More educators are teaching our curriculum

Our educator transportation safety training curriculum is becoming more popular. More teachers are ready to teach the material confidently and independently. We aim to keep expanding. This is foundational to building a safe transportation system.

We're engaging high school students in new ways

Since our program started working with high school students, we've continued to evolve and expand the ways we engage with older youth. High schoolers know how to communicate with their peers and grab their attention, so we used their expertise to adjust our Transportation Academy program. Similarly, a core part of our BIKETOWN Youth Ambassador program is designed around the belief that high schoolers learn best from each other. We continue to find new ways to collaborate with all our program partners, especially youth.

Goals for 2025-2026

We're eager to build on our success in the 2025–26 school year while expanding our programming in a sustainable way. We'll do this by training educators in groups and delegating part of this work to school districts. We're revising our Transportation Academy curriculum and will focus on teaching high school students how to be multimodal. 

We will involve students more in the project design phase of infrastructure improvements around their schools to help to empower them to shape their streets.

We will explore more funding opportunities for capital projects. We look forward to sharing our more user-friendly Infrastructure Plan map and coordinating across the city's Public Works bureaus to find ways to build upon existing projects.

We will empower school administrators to create their own circulation plans and support them in this process.

Finally, we will update our Strategic Plan and create an Action Plan.

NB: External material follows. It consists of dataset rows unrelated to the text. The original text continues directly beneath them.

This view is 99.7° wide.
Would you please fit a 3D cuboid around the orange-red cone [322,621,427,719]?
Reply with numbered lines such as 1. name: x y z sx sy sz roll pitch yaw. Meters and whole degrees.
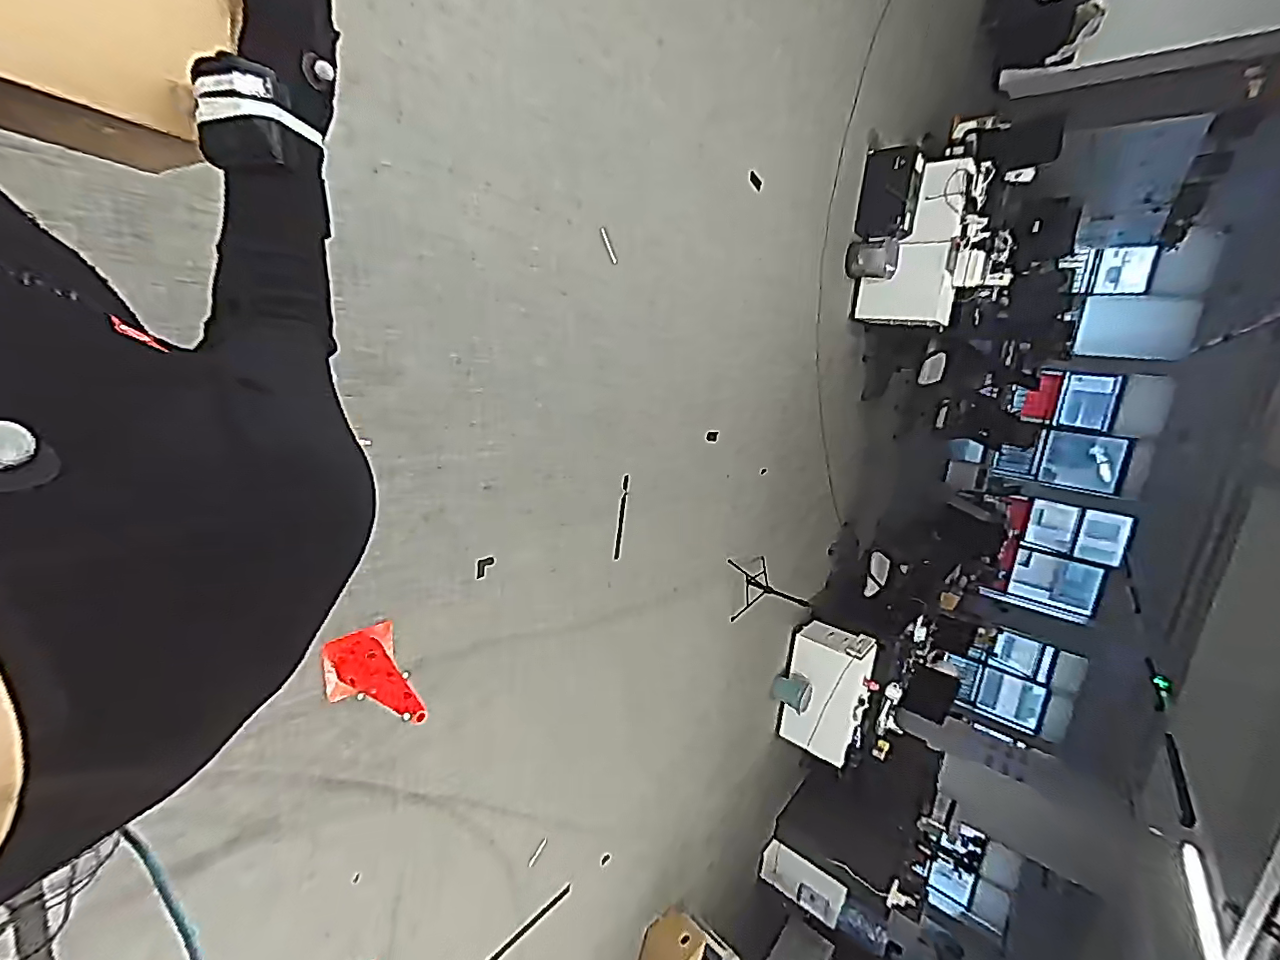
1. orange-red cone: -0.711 0.572 1.517 0.198 0.360 0.199 -14 112 -50

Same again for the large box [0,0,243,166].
1. large box: -0.523 -0.435 0.324 0.408 0.320 0.320 -5 111 -51
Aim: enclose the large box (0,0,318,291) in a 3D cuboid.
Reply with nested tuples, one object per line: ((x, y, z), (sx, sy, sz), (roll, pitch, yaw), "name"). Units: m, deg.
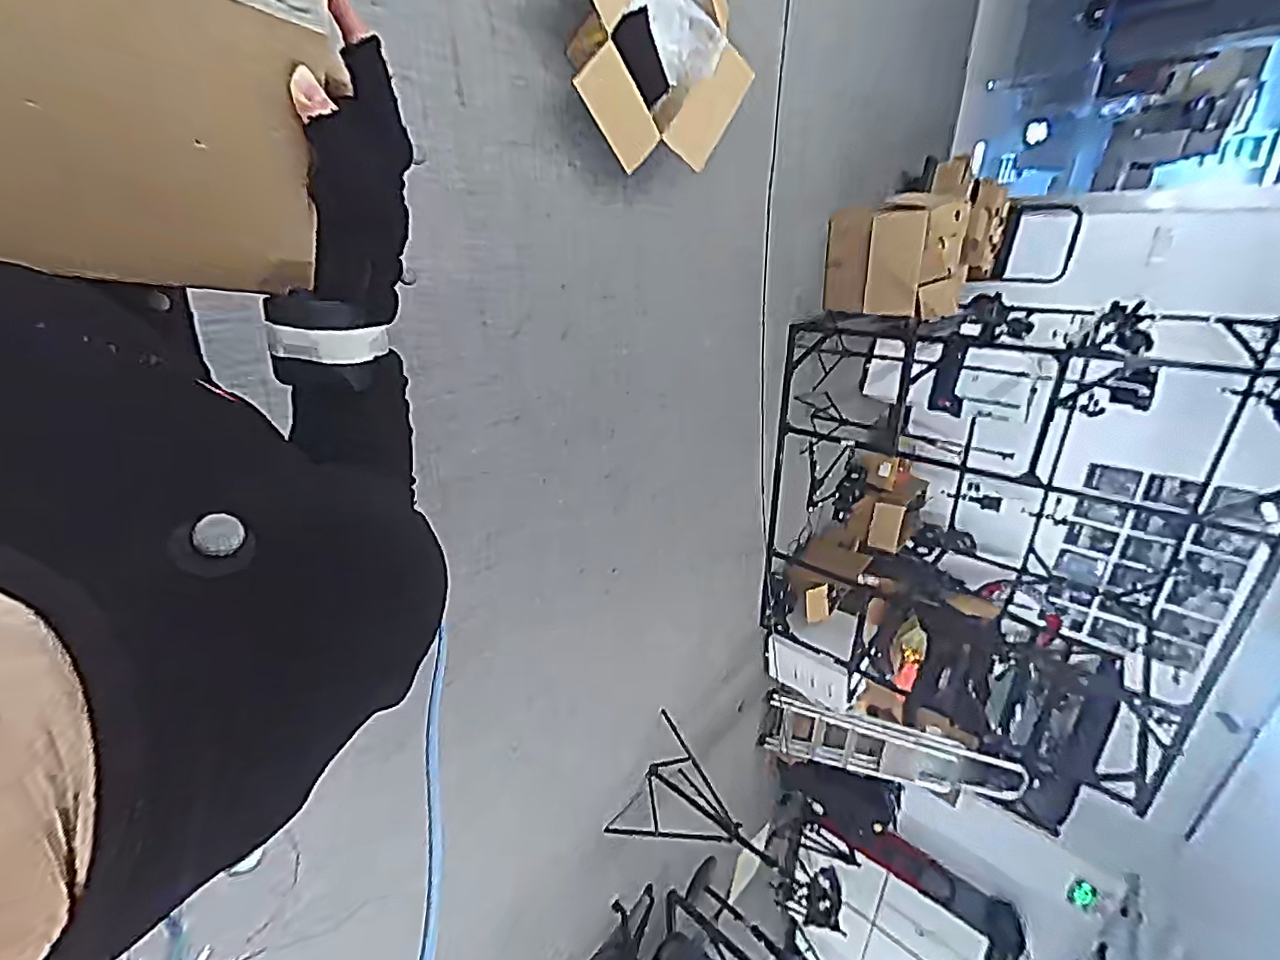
((-0.408, -0.310, 0.234), (0.408, 0.320, 0.320), (-11, 138, -43), "large box")
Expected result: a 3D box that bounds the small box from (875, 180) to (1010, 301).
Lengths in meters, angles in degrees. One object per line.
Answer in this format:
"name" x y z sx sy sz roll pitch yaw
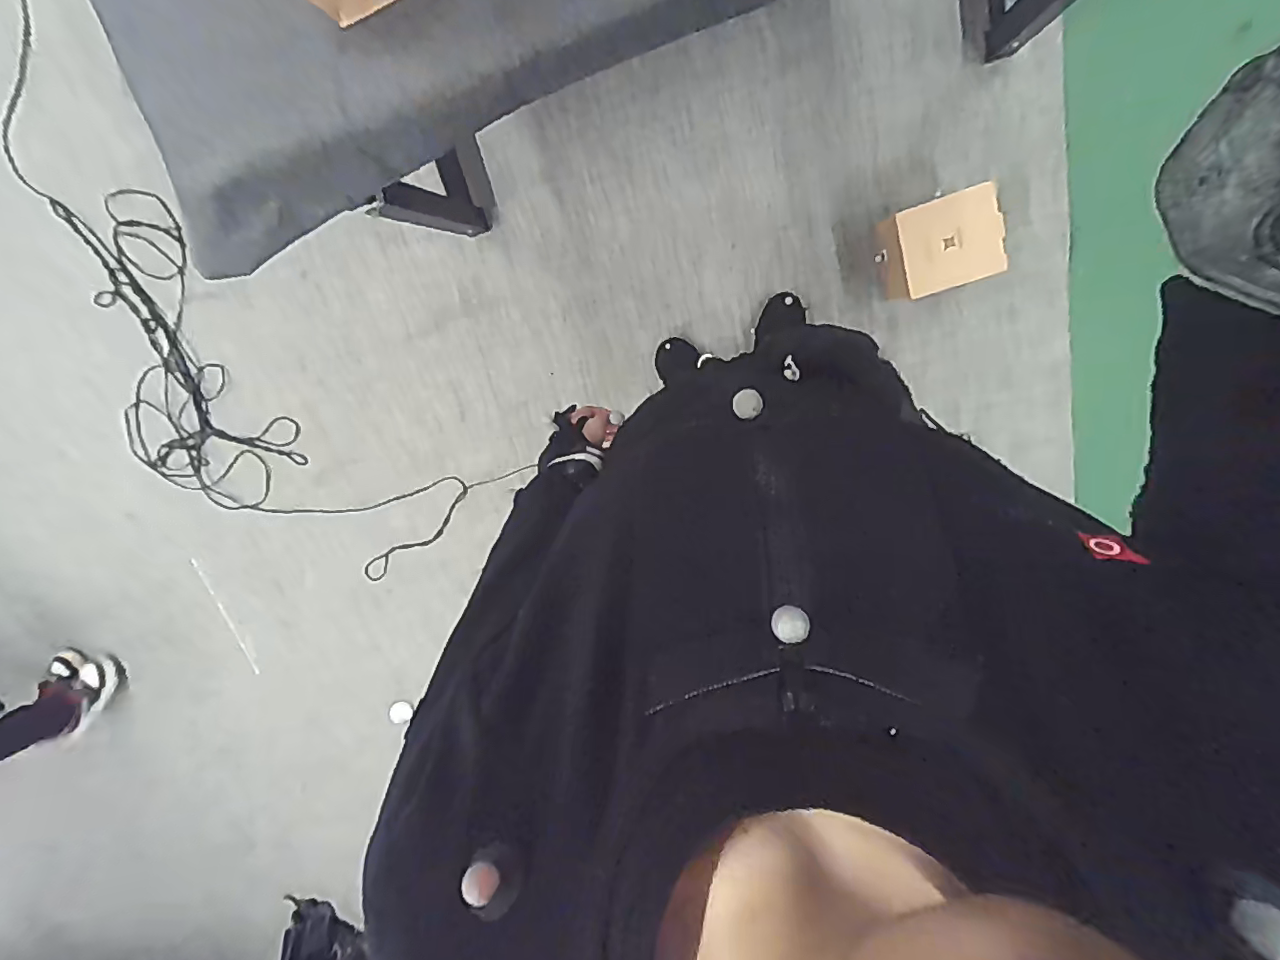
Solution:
"small box" 0.596 -0.469 1.083 0.179 0.176 0.168 -16 103 14
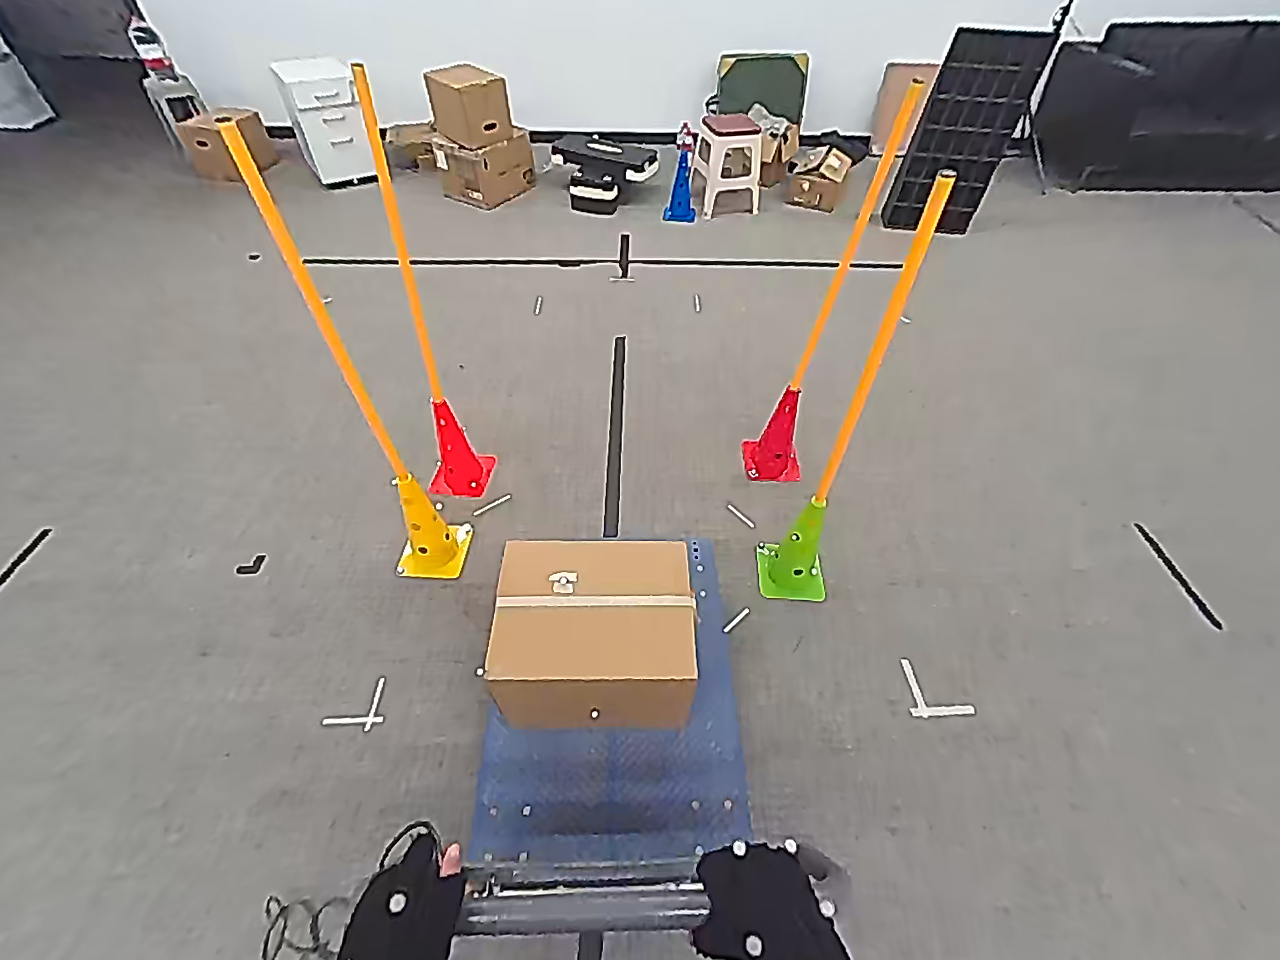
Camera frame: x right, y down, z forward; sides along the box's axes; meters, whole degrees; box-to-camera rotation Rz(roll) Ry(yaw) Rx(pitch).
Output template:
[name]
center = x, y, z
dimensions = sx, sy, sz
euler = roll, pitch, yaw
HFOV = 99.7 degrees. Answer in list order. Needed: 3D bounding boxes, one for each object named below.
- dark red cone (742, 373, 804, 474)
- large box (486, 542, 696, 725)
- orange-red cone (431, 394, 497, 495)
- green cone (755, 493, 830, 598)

Long-term investment needed for priorities

To make systemic change and deliver on the priorities outlined in our refined Strategic Plan, we must continue making long-term investments. We can do this by continuing to deliver the approximately 1,300 infrastructure projects in our Infrastructure Plan and by providing education to every Portland student.

Since 2017, PBOT's Safe Routes to School program spent $17 million to help complete more than 350 infrastructure projects. Major investment is still necessary for sidewalks and traffic signals to make crossings safer and ensure all students and families have better options to get to school regardless of where they live. 

We used our creative teaching model in roughly 30% of Portland schools, meaning about 70% of schools and their students are missing out on critical transportation safety education. Ambitious investment is needed to support this work.


Strategic priorities - what's working

Strategic priority 1: Sustainability

Our program is structured so it has ongoing support within schools

The Safe Routes to School team does not have the capacity to engage with all 55,000+ students at Portland's 100+ schools across five districts. This is why we designed our program in a creative way to be more sustainable. Through a "trainthe- trainer" teaching model, we help educators become transportation safety experts for their school community. This helps expand our reach beyond what we would be able to do through direct education with students alone.

By the numbers 

2024-25 school year

  • 39: Number of schools that offered transportation safety education
  • 28: Number of educators we trained
  • 87%: Percent of schools teaching safety education through our train-the-trainer model
  • +89%: Percent growth in schools using the train-the-trainer model since previous year

Program spotlight

Planting seeds of safety and meaningful connection

Coach Ed Rosario is a driven PE teacher at Woodmere Elementary creating opportunities for students to bike to school. While offering bike safety in PE, several students gained enough skills to become proficient in riding a two-wheeled bike for the first time. Coach Ed shared that one of the students who struggled the most learning to bike taught their dad how to ride. Now they ride together after school. "He used the same progressions he learned from the program. It was such a beautiful moment." Coach Ed knew he wanted to do more with the positive energy the curriculum was bringing to the school community. With PBOT staff support, he started a weekly bike bus on Wednesdays and walking school bus on Fridays. This also helped put to use some recently completed infrastructure improving access to neighborhood parks, schools, and other destinations. Coach Ed says that meaningful moments on the weekly walking school bus and bike bus help motivate students to be physically active long into the future.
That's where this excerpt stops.